In order to improve the drug’s absorption in the body, cyclosporine is also offered in a different product that has been altered from its original form. Because the body absorbs original cyclosporine and modified cyclosporine differently, they cannot be used interchangeably. Use just the brand of cyclosporine that was recommended by your physician. Verify that the type of cyclosporine your doctor wants you to take is indicated in the printed prescription before you fill it. To confirm that you have received the same brand of cyclosporine each time your prescription is filled, check the brand name displayed on your prescription label. If the brand name is unknown to you or you are unsure that you have been given the correct type of cyclosporine, speak with your pharmacist.
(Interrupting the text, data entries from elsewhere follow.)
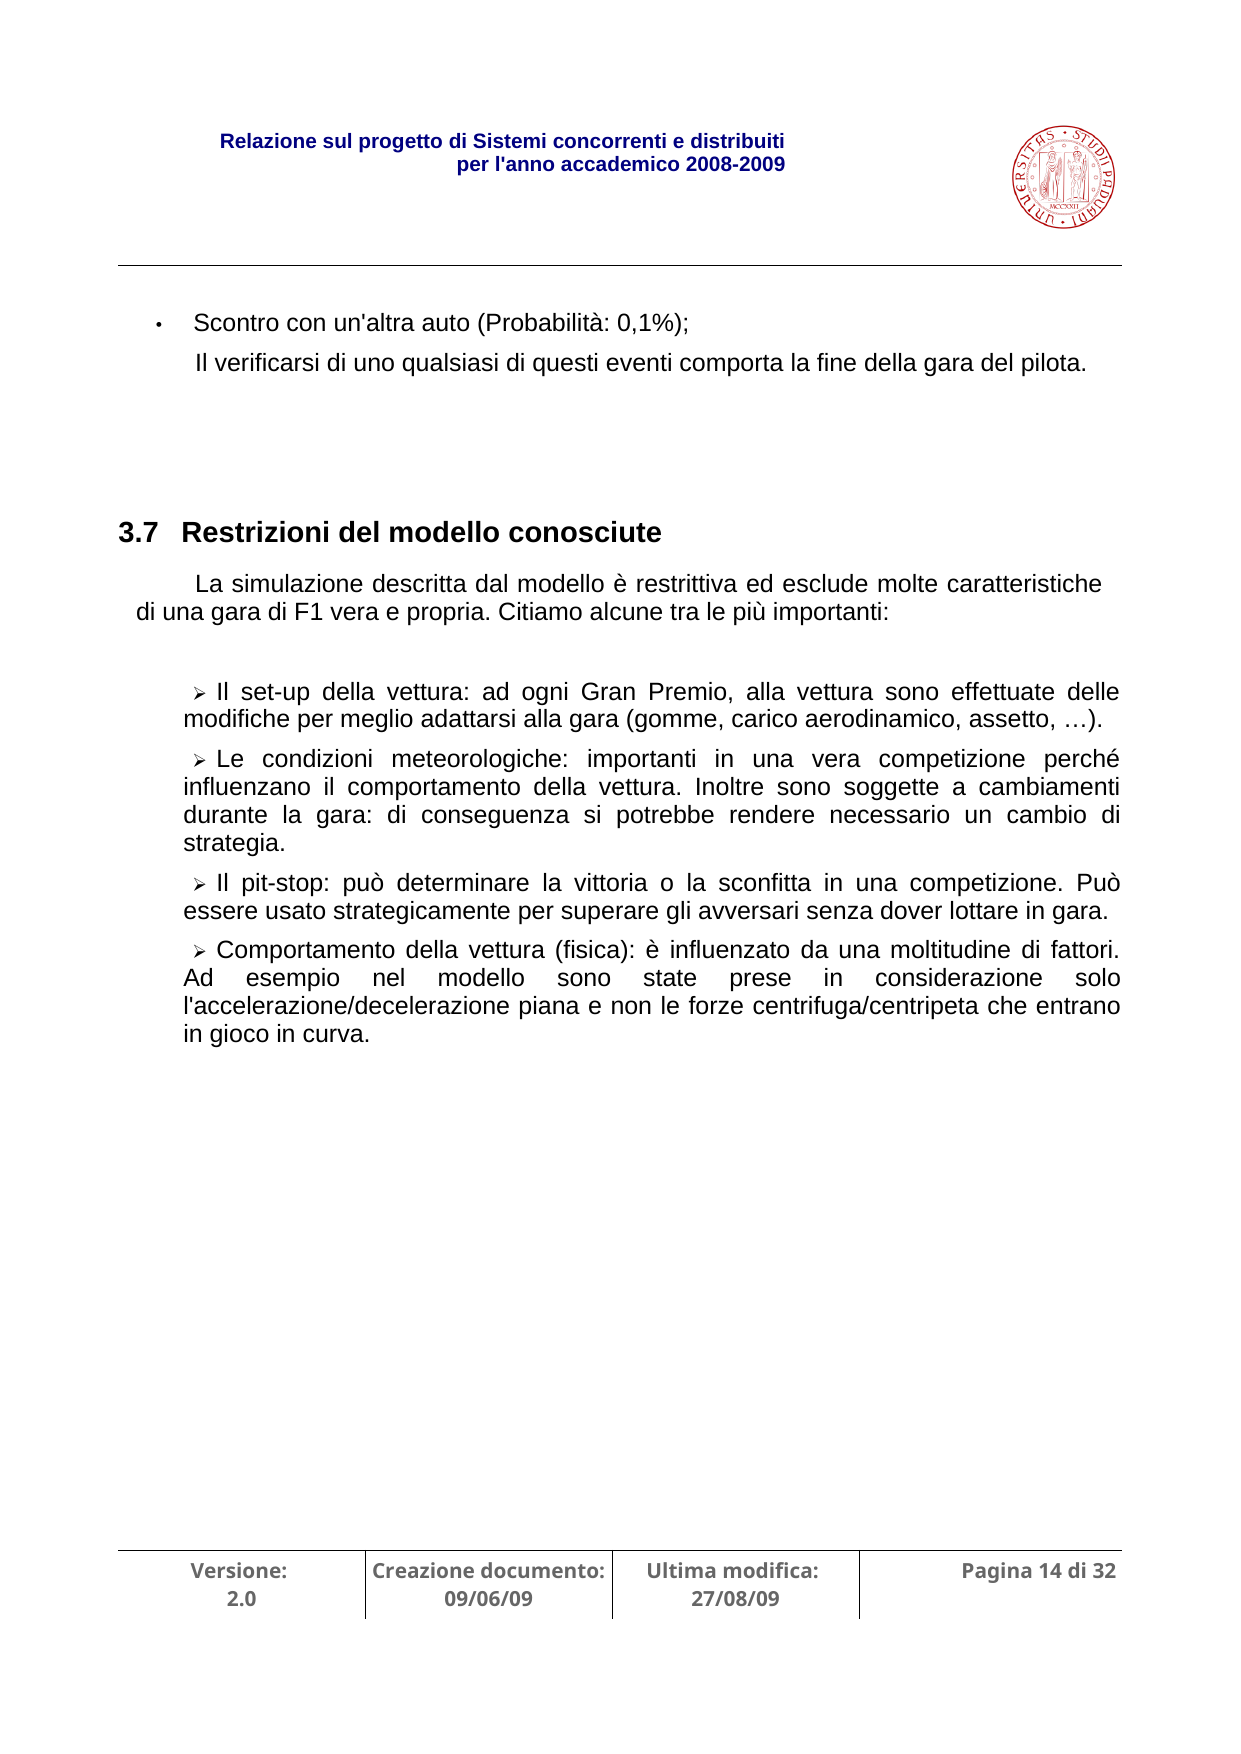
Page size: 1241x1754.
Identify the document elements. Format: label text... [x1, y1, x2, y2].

list Le condizioni meteorologiche: importanti in una vera competizione perché influenzano il comportamento della vettura. Inoltre sono soggette a cambiamenti durante la gara: di conseguenza si potrebbe rendere necessario un cambio di strategia. [183, 745, 1122, 857]
subtitle Restrizioni del modello conosciute [118, 516, 1122, 549]
list Comportamento della vettura (fisica): è influenzato da una moltitudine di fattori. Ad esempio nel modello sono state prese in considerazione solo l'accelerazione/decelerazione piana e non le forze centrifuga/centripeta che entrano in gioco in curva. [183, 936, 1122, 1048]
list Il set-up della vettura: ad ogni Gran Premio, alla vettura sono effettuate delle modifiche per meglio adattarsi alla gara (gomme, carico aerodinamico, assetto, …). [183, 677, 1122, 733]
list Il pit-stop: può determinare la vittoria o la sconfitta in una competizione. Può essere usato strategicamente per superare gli avversari senza dover lottare in gara. [183, 868, 1122, 924]
list Scontro con un'altra auto (Probabilità: 0,1%); [156, 309, 1122, 337]
picture [1010, 123, 1117, 231]
text Il verificarsi di uno qualsiasi di questi eventi comporta la fine della gara del pilota. [136, 348, 1104, 376]
text La simulazione descritta dal modello è restrittiva ed esclude molte caratteristiche di una gara di F1 vera e propria. Citiamo alcune tra le più importanti: [136, 570, 1104, 626]

The use of cyclosporine or cyclosporine (modified) may raise your chance of contracting an infection or cancer, particularly skin cancer or lymphoma, a cancer of the immune system. If you combine cyclosporine or cyclosporine (modified) with drugs such azathioprine (Imuran), cancer chemotherapy, methotrexate (Rheumatrex), sirolimus (Rapamune), and tacrolimus, which impair immune system function, your risk may increase (Prograf). Inform your doctor if you’re taking any of these drugs and if you currently have or have ever had cancer of any kind. Plan to minimise unnecessary or prolonged sun exposure, and while undergoing treatment, use protective clothes, sunglasses, and sunscreen to lower your chance of developing skin cancer. Make a quick call to your doctor if you encounter any of the following signs: Sore throat, fever, chills, and other symptoms of an infection; flu-like symptoms; coughing; difficulty urinating; pain when urinating; lumps or masses anywhere on the body; night sweats; swollen glands in the neck, armpits, or groyne; difficulty breathing; chest pain; weakness or fatigue that does not go away; or pain, swelling, or fullness in the stomach.
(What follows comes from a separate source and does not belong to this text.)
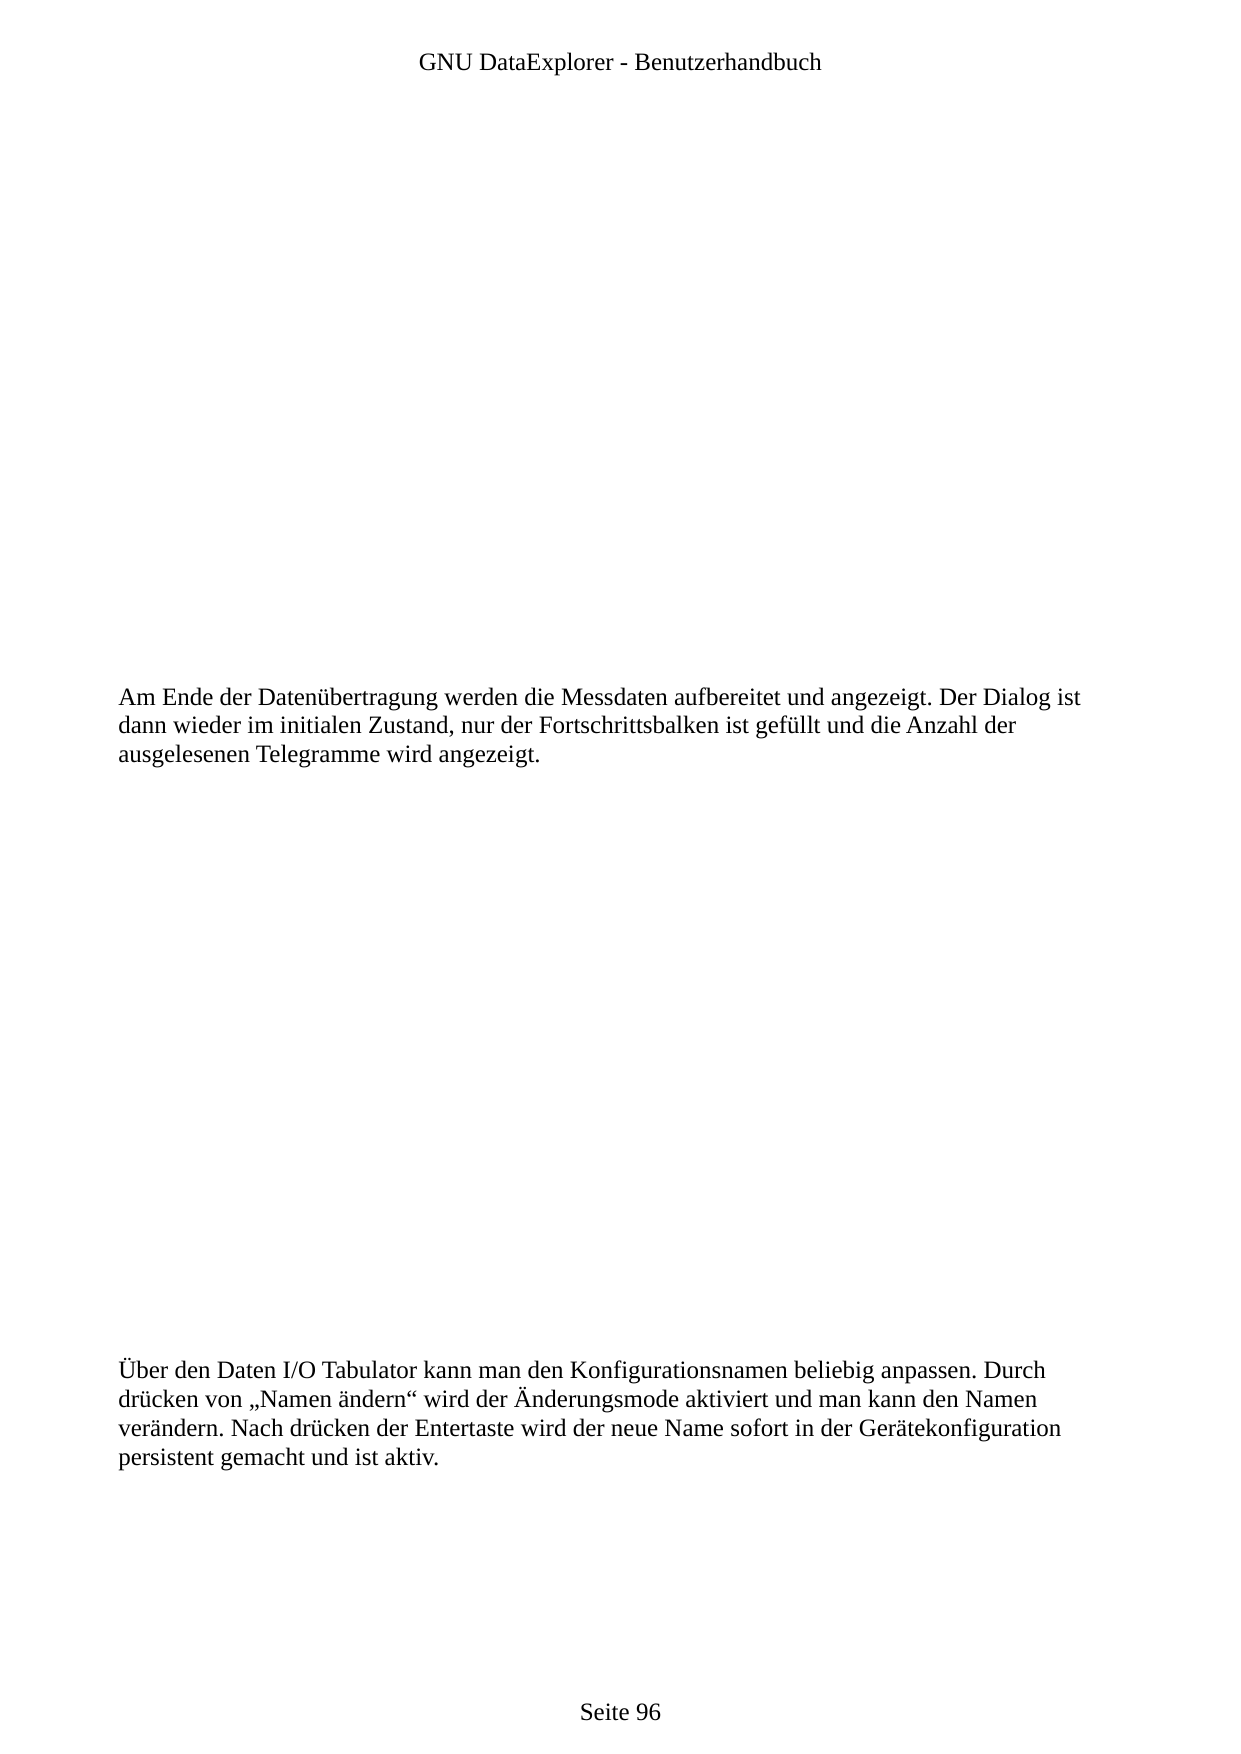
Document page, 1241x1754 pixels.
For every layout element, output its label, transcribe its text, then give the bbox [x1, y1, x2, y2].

text Am Ende der Datenübertragung werden die Messdaten aufbereitet und angezeigt. Der Dialog ist dann wieder im initialen Zustand, nur der Fortschrittsbalken ist gefüllt und die Anzahl der ausgelesenen Telegramme wird angezeigt. [118, 682, 1122, 768]
text Über den Daten I/O Tabulator kann man den Konfigurationsnamen beliebig anpassen. Durch drücken von „Namen ändern“ wird der Änderungsmode aktiviert und man kann den Namen verändern. Nach drücken der Entertaste wird der neue Name sofort in der Gerätekonfiguration persistent gemacht und ist aktiv. [118, 1356, 1122, 1471]

High blood pressure and renal damage are potential side effects of cyclosporine and cyclosporine (modified). If you have high blood pressure or have ever had kidney disease, let your doctor know. Additionally, let your physician know if you are taking any of the following drugs: colchicine, fenofibrate (Antara, Lipophen, Tricor), gemfibrozil (Lopid), amphotericin B (Amphotec, Fungizone), cimetidine (Tagamet), ciprofloxacin (Cipro), gentamicin; ketoconazole (Nizoral), melphalan (Alkeran), nonsteroidal anti-inflammatory medications including diclofenac (Cataflam, Voltaren), naproxen (Aleve, Naprosyn), sulindac (Clinoril), ranitidine (Zantac), tobramycin (Tobi), trimethoprim-sulfamethoxazole (Bactrim, Septra), and vancomycin are just (Vancocin). Call your doctor right away if you have any of the following symptoms: nausea; quick, shallow breathing; swelling in the arms, hands, feet, ankles, or lower legs; or an erratic pulse.

In the event that you have psoriasis, be sure to inform your doctor of any current and former psoriasis treatments and medications. If you have ever received treatment for psoriasis with PUVA (psoralen and UVA), methotrexate (Rheumatrex), or other immune-suppressive drugs, UVB (exposure to ultraviolet B light to treat psoriasis), coal tar, or radiation therapy, your risk of developing skin cancer is increased. While taking cyclosporine (modified) to treat psoriasis, you should not receive treatment with PUVA, UVB, or immune system-suppressing drugs.

Keep all of your appointments with your physician and the lab. To determine how your body is responding to cyclosporine or cyclosporine, your doctor may prescribe specific lab tests (modified).

Why is this medication prescribed?

When an organ transplant recipient receives a kidney, liver, or heart transplant, cyclosporine and cyclosporine (modified) are administered along with other drugs to prevent transplant rejection (the recipient’s immune system attacking the donated organ). When methotrexate (Rheumatrex) alone was ineffective in treating a patient’s rheumatoid arthritis symptoms (arthritis brought on by swelling of the lining of the joints), cyclosporine (modified) is additionally employed. In some individuals who have not responded well to conventional therapies, modified cyclosporine is also used to treat psoriasis, a skin condition that causes red, scaly patches to appear on particular body parts. Immunosuppressants are a group of drugs that includes cyclosporine and cyclosporine (modified). They function by reducing immune system activity.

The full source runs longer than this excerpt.